(Stored data)
++++++
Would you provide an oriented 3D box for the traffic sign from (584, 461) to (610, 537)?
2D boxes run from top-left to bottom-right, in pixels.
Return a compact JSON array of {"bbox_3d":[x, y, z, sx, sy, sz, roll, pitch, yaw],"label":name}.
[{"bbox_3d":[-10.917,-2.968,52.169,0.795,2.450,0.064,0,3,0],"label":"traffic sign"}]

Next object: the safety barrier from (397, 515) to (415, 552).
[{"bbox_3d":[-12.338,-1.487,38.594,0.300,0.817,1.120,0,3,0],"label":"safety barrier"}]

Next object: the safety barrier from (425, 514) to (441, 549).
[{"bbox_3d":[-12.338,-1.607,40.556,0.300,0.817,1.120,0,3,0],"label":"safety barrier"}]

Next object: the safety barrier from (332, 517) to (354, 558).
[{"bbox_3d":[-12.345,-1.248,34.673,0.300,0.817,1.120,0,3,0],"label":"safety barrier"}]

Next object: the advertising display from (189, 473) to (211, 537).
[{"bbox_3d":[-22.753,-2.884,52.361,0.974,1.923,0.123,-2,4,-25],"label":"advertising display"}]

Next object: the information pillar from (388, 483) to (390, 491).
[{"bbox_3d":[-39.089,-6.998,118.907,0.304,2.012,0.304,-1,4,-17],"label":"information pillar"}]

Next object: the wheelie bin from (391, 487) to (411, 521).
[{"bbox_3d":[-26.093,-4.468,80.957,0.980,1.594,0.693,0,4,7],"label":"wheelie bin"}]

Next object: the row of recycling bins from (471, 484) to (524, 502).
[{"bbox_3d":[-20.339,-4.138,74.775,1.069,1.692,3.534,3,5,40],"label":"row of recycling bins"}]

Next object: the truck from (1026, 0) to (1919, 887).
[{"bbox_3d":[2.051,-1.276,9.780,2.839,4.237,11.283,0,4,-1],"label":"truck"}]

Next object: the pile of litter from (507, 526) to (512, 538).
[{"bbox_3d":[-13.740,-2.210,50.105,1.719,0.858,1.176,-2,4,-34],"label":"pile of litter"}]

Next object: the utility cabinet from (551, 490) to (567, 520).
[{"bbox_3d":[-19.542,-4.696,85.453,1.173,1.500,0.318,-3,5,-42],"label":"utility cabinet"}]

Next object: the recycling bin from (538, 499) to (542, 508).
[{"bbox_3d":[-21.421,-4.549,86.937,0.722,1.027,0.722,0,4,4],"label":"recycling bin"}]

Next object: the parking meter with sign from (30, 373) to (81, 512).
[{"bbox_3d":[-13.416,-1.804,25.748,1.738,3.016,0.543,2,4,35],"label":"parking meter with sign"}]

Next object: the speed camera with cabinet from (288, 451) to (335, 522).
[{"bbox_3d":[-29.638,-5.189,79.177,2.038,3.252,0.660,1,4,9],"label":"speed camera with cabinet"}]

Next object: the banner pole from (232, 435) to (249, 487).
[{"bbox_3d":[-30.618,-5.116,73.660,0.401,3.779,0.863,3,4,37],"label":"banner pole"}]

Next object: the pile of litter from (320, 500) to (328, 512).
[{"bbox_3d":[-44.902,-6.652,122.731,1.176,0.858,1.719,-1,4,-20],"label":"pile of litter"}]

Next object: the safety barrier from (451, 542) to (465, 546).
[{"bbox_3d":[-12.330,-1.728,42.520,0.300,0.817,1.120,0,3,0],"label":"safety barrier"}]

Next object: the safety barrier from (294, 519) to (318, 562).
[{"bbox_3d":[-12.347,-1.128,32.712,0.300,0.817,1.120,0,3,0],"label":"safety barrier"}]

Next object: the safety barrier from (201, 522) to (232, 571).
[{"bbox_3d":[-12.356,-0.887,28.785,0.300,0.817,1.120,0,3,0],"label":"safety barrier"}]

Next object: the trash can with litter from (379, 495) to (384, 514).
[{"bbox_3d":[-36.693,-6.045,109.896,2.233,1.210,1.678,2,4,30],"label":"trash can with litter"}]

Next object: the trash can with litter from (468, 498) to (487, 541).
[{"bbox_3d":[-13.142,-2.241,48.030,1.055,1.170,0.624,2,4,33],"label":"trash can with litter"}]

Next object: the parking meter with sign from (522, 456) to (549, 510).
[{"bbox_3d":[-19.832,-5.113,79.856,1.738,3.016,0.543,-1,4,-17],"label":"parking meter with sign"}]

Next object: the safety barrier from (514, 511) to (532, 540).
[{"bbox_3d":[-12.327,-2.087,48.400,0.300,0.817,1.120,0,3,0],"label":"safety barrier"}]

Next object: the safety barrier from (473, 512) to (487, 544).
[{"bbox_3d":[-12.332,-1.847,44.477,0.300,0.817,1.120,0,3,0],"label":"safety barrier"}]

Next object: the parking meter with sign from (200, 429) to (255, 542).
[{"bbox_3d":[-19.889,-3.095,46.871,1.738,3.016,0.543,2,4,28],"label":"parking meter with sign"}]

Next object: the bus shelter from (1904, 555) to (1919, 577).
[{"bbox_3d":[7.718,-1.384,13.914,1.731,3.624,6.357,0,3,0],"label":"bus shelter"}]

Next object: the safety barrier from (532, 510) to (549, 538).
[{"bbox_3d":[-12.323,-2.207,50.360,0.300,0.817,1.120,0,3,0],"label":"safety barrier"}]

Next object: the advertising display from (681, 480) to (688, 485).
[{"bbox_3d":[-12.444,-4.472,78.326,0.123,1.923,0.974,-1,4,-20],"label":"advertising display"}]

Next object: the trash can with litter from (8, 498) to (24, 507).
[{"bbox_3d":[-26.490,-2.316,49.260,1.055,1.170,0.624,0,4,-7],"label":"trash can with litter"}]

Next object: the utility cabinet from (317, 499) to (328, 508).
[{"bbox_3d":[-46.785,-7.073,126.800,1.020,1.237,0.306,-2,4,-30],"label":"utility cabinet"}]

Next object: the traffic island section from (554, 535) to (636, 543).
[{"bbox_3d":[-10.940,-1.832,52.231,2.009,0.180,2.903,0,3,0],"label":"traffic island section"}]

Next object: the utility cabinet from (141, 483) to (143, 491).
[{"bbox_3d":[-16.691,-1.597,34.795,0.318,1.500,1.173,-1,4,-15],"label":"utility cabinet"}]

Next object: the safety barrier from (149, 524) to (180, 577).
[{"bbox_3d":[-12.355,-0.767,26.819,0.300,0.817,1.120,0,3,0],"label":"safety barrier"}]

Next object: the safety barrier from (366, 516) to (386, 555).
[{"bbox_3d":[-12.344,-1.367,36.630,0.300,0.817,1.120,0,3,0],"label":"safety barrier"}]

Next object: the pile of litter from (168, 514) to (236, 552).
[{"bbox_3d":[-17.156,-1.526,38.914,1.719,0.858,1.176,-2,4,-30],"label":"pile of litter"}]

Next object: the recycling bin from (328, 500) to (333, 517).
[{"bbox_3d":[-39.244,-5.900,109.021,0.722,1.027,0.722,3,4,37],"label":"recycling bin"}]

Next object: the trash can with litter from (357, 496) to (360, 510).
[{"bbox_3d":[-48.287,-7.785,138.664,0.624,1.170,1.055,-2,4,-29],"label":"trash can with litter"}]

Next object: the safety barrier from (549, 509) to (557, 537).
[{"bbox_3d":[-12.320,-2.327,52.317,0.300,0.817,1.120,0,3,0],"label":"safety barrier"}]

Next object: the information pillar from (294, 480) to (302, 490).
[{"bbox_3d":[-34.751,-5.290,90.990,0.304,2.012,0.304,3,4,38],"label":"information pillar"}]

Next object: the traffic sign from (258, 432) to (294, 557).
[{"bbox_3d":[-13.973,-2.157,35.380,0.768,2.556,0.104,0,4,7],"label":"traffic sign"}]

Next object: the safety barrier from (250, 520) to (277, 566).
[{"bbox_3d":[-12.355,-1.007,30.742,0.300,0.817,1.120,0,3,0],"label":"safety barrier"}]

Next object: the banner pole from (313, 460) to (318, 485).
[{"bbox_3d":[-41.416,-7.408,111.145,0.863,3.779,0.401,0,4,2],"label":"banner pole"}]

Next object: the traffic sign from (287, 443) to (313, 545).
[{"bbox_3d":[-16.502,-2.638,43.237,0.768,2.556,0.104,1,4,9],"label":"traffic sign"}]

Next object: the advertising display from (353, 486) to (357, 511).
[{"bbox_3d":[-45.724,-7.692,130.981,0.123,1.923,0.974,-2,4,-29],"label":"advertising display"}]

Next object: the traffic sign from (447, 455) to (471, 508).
++++++
What you should do
Nothing but the lines from the one that contains "Next object: the safety barrier from (366, 516)" through the last line of the entries should appear in your reply, each repeated exactly.

Result of the task
Next object: the safety barrier from (366, 516) to (386, 555).
[{"bbox_3d":[-12.344,-1.367,36.630,0.300,0.817,1.120,0,3,0],"label":"safety barrier"}]

Next object: the pile of litter from (168, 514) to (236, 552).
[{"bbox_3d":[-17.156,-1.526,38.914,1.719,0.858,1.176,-2,4,-30],"label":"pile of litter"}]

Next object: the recycling bin from (328, 500) to (333, 517).
[{"bbox_3d":[-39.244,-5.900,109.021,0.722,1.027,0.722,3,4,37],"label":"recycling bin"}]

Next object: the trash can with litter from (357, 496) to (360, 510).
[{"bbox_3d":[-48.287,-7.785,138.664,0.624,1.170,1.055,-2,4,-29],"label":"trash can with litter"}]

Next object: the safety barrier from (549, 509) to (557, 537).
[{"bbox_3d":[-12.320,-2.327,52.317,0.300,0.817,1.120,0,3,0],"label":"safety barrier"}]

Next object: the information pillar from (294, 480) to (302, 490).
[{"bbox_3d":[-34.751,-5.290,90.990,0.304,2.012,0.304,3,4,38],"label":"information pillar"}]

Next object: the traffic sign from (258, 432) to (294, 557).
[{"bbox_3d":[-13.973,-2.157,35.380,0.768,2.556,0.104,0,4,7],"label":"traffic sign"}]

Next object: the safety barrier from (250, 520) to (277, 566).
[{"bbox_3d":[-12.355,-1.007,30.742,0.300,0.817,1.120,0,3,0],"label":"safety barrier"}]

Next object: the banner pole from (313, 460) to (318, 485).
[{"bbox_3d":[-41.416,-7.408,111.145,0.863,3.779,0.401,0,4,2],"label":"banner pole"}]

Next object: the traffic sign from (287, 443) to (313, 545).
[{"bbox_3d":[-16.502,-2.638,43.237,0.768,2.556,0.104,1,4,9],"label":"traffic sign"}]

Next object: the advertising display from (353, 486) to (357, 511).
[{"bbox_3d":[-45.724,-7.692,130.981,0.123,1.923,0.974,-2,4,-29],"label":"advertising display"}]

Next object: the traffic sign from (447, 455) to (471, 508).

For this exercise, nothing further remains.